As we were discussing that it could be just easily canlculated, how could one prove that?:

example : (∑ n in finset.range 1320, ((-1)^(n + 1) / n : ℚ))
=
(9712435370176457211789032112275705035436058023056668172162691122769643536134963388887418503518212227707181887399284421324209991580261372180881066042267340013822543021630993790301871917306672479003742347731906894502206611684973377349822140727866748793472314555146081954133359219693224842345716201562838113110488664229990443258508595332395129617286143580898566908128232436187466371871641095608257859832669859587159077972843255741143946005144546720084104126426401254209483858435525146637078869452056788708944608960016712180409515668301909686056363654039823351264466923197720153813
/
14004426370194880461934343682044774391282833031127910746297786781959105584828861694180270900155320736866485178357969757814225700469374818454186270560156419686116542029027696742870488277713573014598870206397512488706141517193426122086231634178080237723065448682598131182597623527313179068878231298472650458406330723014358986732179004322578669107971003162372262774921109835980551500767898797452304799628071849186633284721093163439037683000781898695594646092124867941059532453140720984993275703737648888419223774236963722967299484493466538792766661068428697404447683623975519360000 : ℚ)
:=


#### Kenny Lau (Sep 27 2020 at 09:58):

does by norm_num work?

I'm guessing no

#### Kevin Buzzard (Sep 27 2020 at 10:14):

But pari does it in a split second

#### Rob Lewis (Sep 27 2020 at 10:20):

In principle this works -- it reduces things to the scope of norm_num.
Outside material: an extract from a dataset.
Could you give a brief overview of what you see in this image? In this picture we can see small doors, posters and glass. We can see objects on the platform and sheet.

But norm_num uses too much memory for VSCode. Maybe if you run it with a higher memory limit, or do something clever to simplify intermediate steps, you could make it work. (Not in a split second.)
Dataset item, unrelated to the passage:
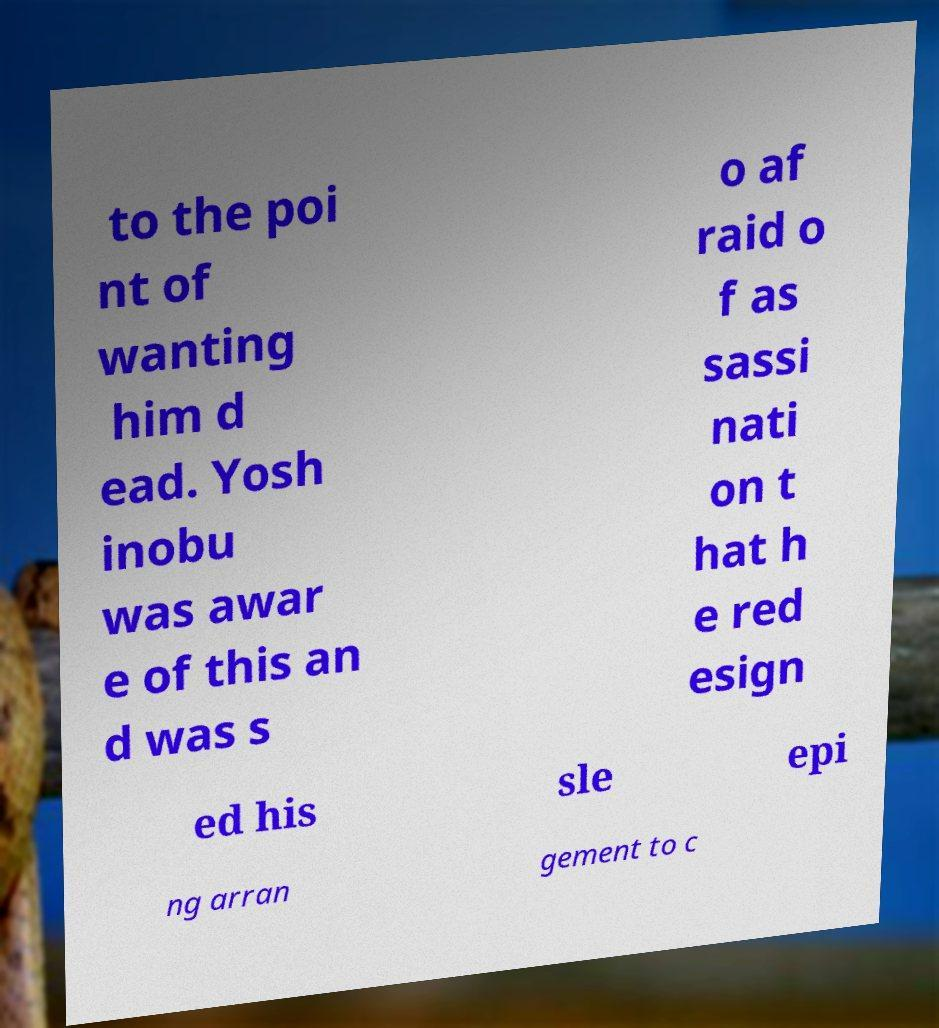Please read and relay the text visible in this image. What does it say? to the poi nt of wanting him d ead. Yosh inobu was awar e of this an d was s o af raid o f as sassi nati on t hat h e red esign ed his sle epi ng arran gement to c

import algebra.big_operators.finsupp data.rat

open_locale big_operators

example : (∑ n in finset.range 1320, ((-1)^(n + 1) / n : ℚ))
=
(9712435370176457211789032112275705035436058023056668172162691122769643536134963388887418503518212227707181887399284421324209991580261372180881066042267340013822543021630993790301871917306672479003742347731906894502206611684973377349822140727866748793472314555146081954133359219693224842345716201562838113110488664229990443258508595332395129617286143580898566908128232436187466371871641095608257859832669859587159077972843255741143946005144546720084104126426401254209483858435525146637078869452056788708944608960016712180409515668301909686056363654039823351264466923197720153813
/
14004426370194880461934343682044774391282833031127910746297786781959105584828861694180270900155320736866485178357969757814225700469374818454186270560156419686116542029027696742870488277713573014598870206397512488706141517193426122086231634178080237723065448682598131182597623527313179068878231298472650458406330723014358986732179004322578669107971003162372262774921109835980551500767898797452304799628071849186633284721093163439037683000781898695594646092124867941059532453140720984993275703737648888419223774236963722967299484493466538792766661068428697404447683623975519360000 : ℚ)
:=
begin
iterate 1320
{ transitivity,
apply finset.sum_range_succ,
rw finset.sum_range_zero,
simp only [nat.cast_bit0, nat.cast_bit1, nat.cast_add, nat.cast_zero, nat.cast_one],
-- norm_num1,
end


#### Miroslav Olšák (Sep 27 2020 at 13:09):

Would it be possible to tell lean to just call #eval to the first expression?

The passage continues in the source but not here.